Her şeyden önce daha korona kabusu dünyaya ve ülkemize çökmemişken ve dolayısıyla ekonomiyi daha da tahrip etmemişken yapılan yüzde 3 + 3'lük zammı tarifleyen Toplu İş Sözleşmesi, artık tamamen hükümsüz kabul edilmeli, yenilenmelidir!
Bu yenileme yapılırken kamu emekçisinin alım gücündeki düşüş, ekonomideki daralma, sokaktaki gerçek enflasyon, vergi ve cezalardaki hızlı artış, ezcümle gerçek rakamlar dikkate alınmalıdır.
İçinde birden çok insanın yaşadığı milyonlarca haneye sadece tek maaş girdiği gerçeğine göz kapatmadan, bu hanelerden alınan vergiler, en azından pandemi süresince Hazine tarafından karşılanmalıdır.

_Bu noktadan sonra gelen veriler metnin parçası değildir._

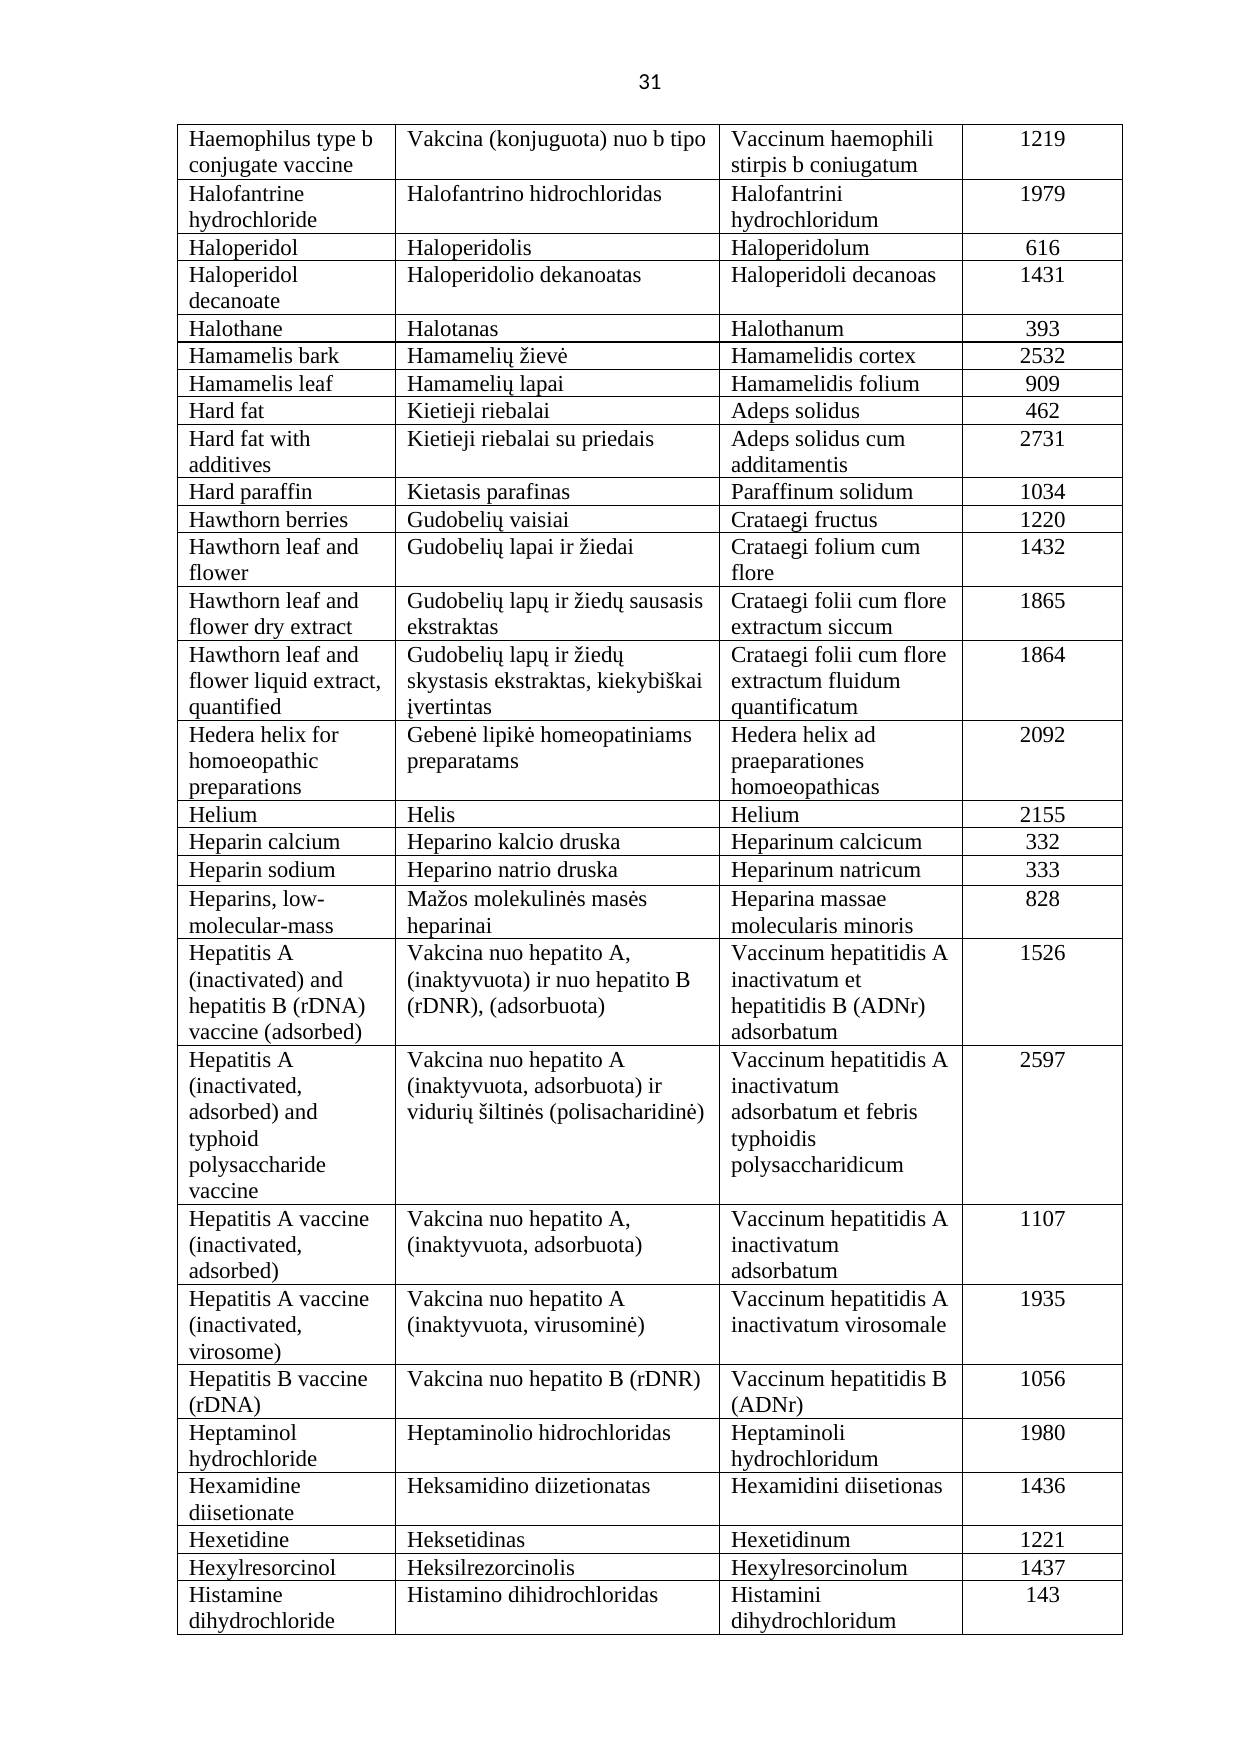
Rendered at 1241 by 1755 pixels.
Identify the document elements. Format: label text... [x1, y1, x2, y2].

Devlet bu yüzden vardır ve devletin yönetimini emanet alan hükümet, bu yükümlülükleri yerine getirmekle görevlidir!
İktidar yandaşlarını semirten, halkı yoksullaştıran ekonomi politikalarını uygulayanlar, "Kuru ekmek yiyorlarsa aç değiller demek ki" diyenlere halkın hakettiğinin kuru ekmekten fazlası olduğunu göstermenin,
emeğin hakkını yüceltip insanca yaşama yakışır ücretler almanın vaktidir!”